• Work task: Only one span of the listing below is wanted: the lines from the one with "Format: a JSON" through the one with "Which oriented 3D", reproduced exactly, both ends kept.

• Excerpted data:
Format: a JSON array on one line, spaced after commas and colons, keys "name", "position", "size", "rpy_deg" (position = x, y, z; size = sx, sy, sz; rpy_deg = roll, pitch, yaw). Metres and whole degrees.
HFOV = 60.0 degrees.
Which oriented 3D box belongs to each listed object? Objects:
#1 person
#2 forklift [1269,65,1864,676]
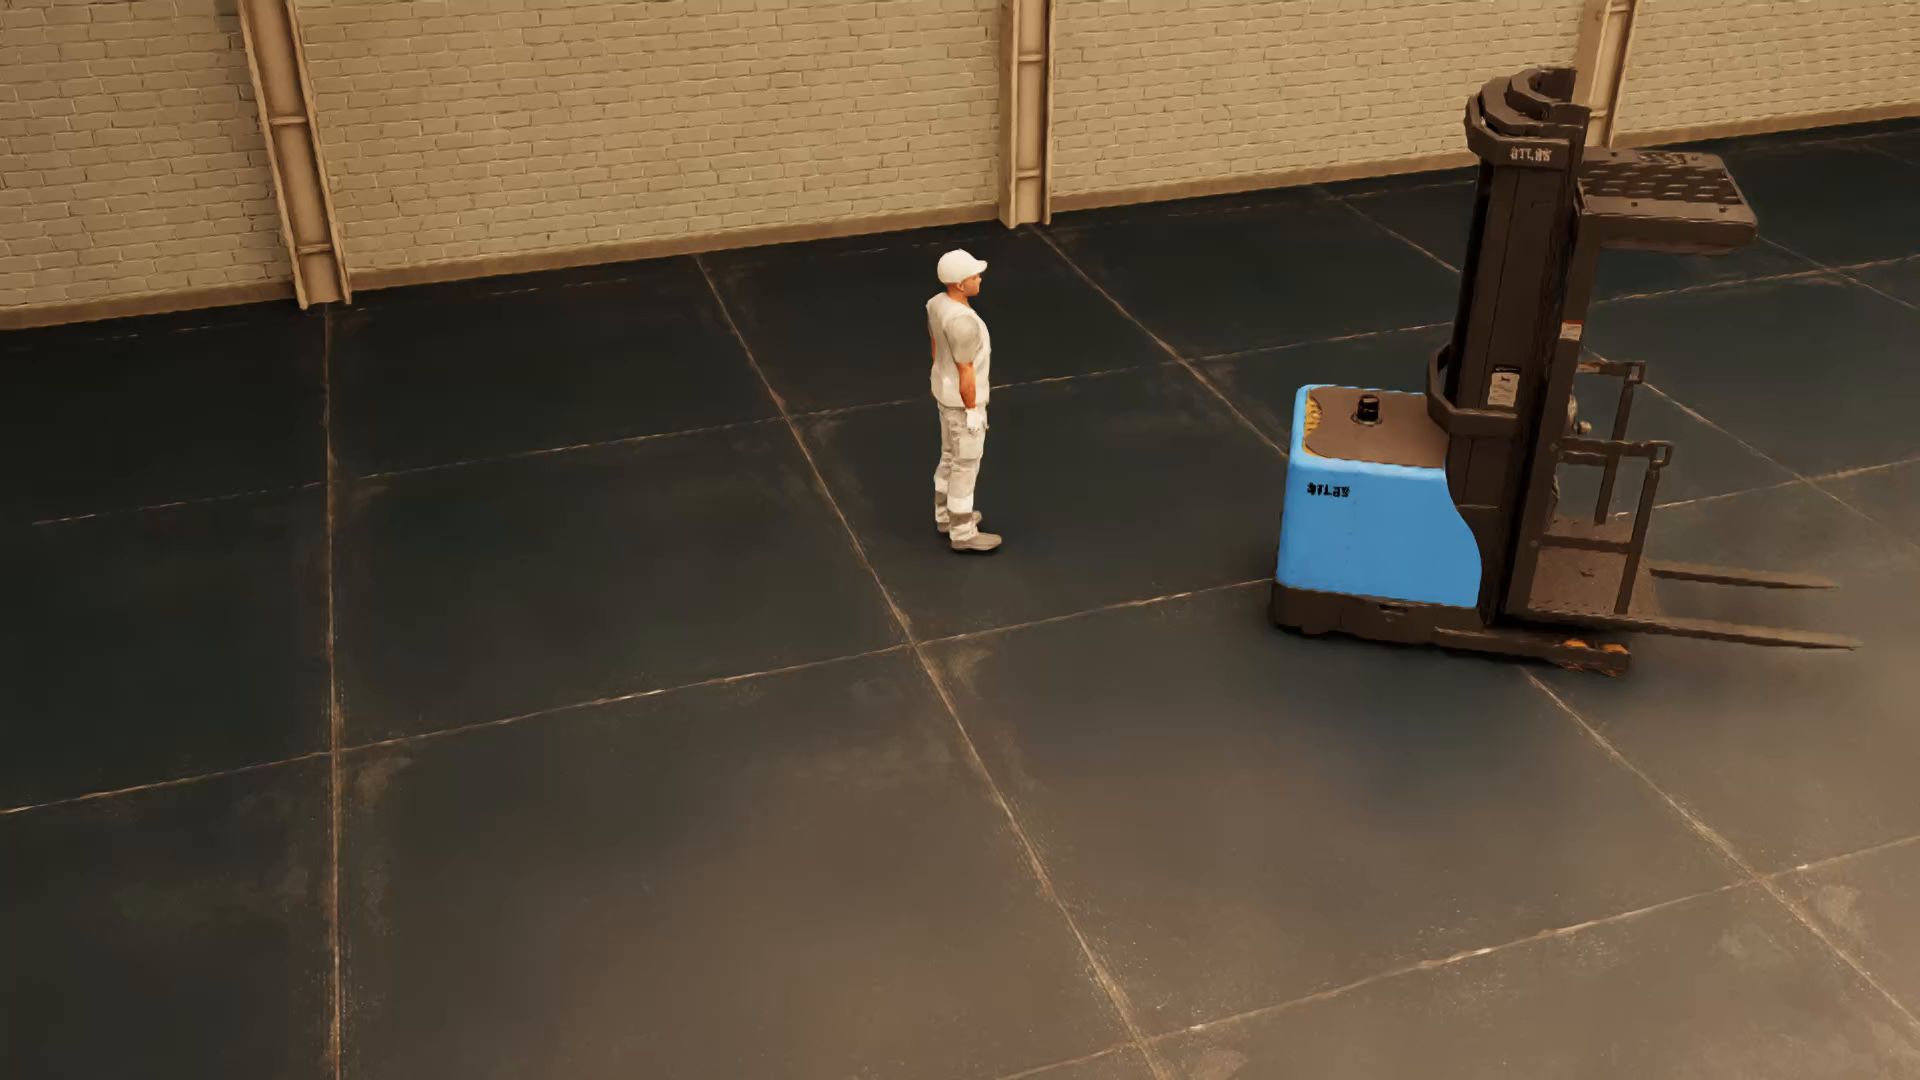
--
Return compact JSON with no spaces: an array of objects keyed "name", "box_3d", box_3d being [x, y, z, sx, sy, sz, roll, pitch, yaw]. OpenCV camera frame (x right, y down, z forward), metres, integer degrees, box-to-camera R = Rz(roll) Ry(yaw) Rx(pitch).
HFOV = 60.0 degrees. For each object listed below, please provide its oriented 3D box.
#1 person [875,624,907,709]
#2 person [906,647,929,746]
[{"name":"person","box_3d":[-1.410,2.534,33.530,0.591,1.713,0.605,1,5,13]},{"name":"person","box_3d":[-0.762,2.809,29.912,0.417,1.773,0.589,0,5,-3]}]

• Task output:
Format: a JSON array on one line, spaced after commas and colons, keys "name", "position", "size", "rpy_deg" (position = x, y, z; size = sx, sy, sz; rpy_deg = roll, pitch, yaw). Metres and whole degrees.
HFOV = 60.0 degrees.
Which oriented 3D box belongs to each listed object? Objects:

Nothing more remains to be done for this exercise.